Otro hecho notable ha sido la expansión de carreras de posgrado, que pasaron de menos de un centenar hacia 1980 a cerca de 750 en 1995 y a 1.642 en 1999. El número de estudiantes de posgrado en todo el país pasó de 39.725 en 2000 a 111.471 en 2010. Mientras que el número de estudiantes de doctorado pasó de 6.046 en 2000 a 11.548 en 2007, y en 2010 llega a la cifra de 18.248. En 1984, el porcentaje de doctores en el cuerpo de profesores no alcanzaba al 5%. Ahora, más del 20% de los docentes posee un título de doctor.

Desde 1986 aparece el debate sobre los problemas de la eficiencia académica y la gestión. Con la sanción de la Ley 24.521 de Educación Superior (1995) se crea la Comisión Nacional de Evaluación y Acreditación Universitaria (Coneau), que sirvió para fortalecer los mecanismos de evaluación externa y acreditación para mejorar la calidad.
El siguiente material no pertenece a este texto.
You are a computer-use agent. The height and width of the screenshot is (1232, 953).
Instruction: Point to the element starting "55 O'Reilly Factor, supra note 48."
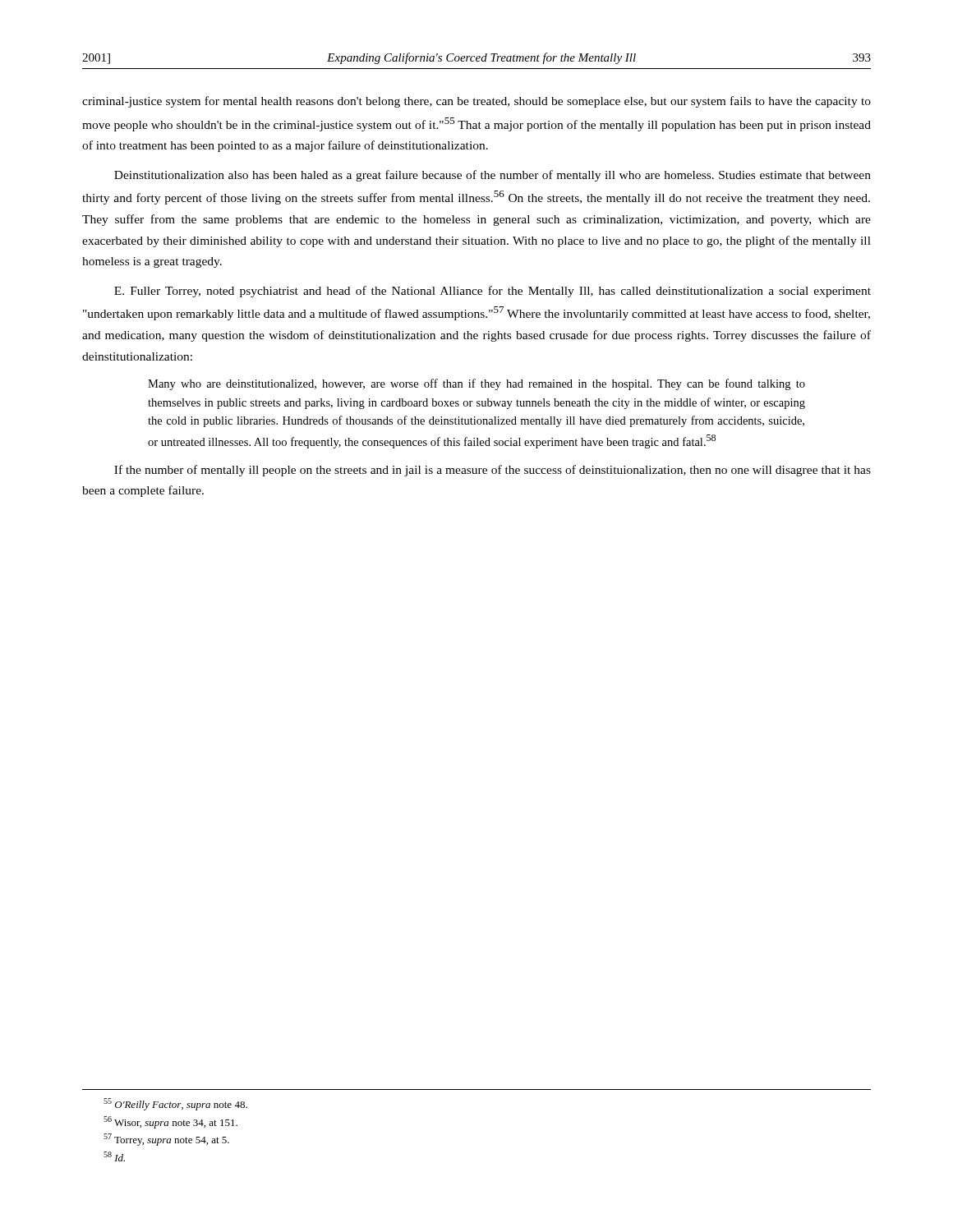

A partir de 1993 se crea la Secretaría de Políticas Universitarias, que comienza a preocuparse por la sistematización estadística. En 1996 se crea el Sistema de Información Universitaria (SIU) con el objetivo de asesorar a las universidades nacionales en el proceso de informatización de datos. Pero en el perído democrático hubo una notable resistencia a transparentar los datos de cada universidad y a utilizar la información estadística para la toma de decisiones.

La participación estudiantil funcionó plenamente y se fueron agregando los empleados no docentes a la cogestión. El cogobierno demostró ser un mecanismo ejemplar para involucrar a todos los miembros de la comunidad universitaria. Pero el clientelismo y el sectarismo político crearon situaciones de impasse o de acefalía. Y facilitaron la “privatización” corporativa de muchos sectores de las universidades nacionales.

La complejidad de la organización universitaria no estuvo acompañada por un modelo de gestión. En consecuencia, resultó imposible planificar y prever el futuro. Son raras las universidades que se guían por una política de conocimiento a largo plazo.

Resulta evidente que el sistema universitario argentino en los últimos treinta años se expandió. La tasa de escolarización superior es muy alta, pero el 80% de los ingresantes fracasa. Se promueve la investigación científica; sin embargo, cerca de 7 mil científicos argentinos trabajan en el exterior por falta de oportunidades en el país.

La potencialidad del sistema de educación argentino es enorme, pero dos problemas principales ensombrecen su perfomance: los bajos rendimientos académicos de los alumnos y las fallas en el sistema de gestión. Este sufre un gran atraso en la informatización de sus estructuras. Son interrogantes necesarios para mejorar los rendimientos académicos.

*Ph.D. Profesor de la Maestría en Gestión Universitaria de la Universidad Nacional de Mar del Plata.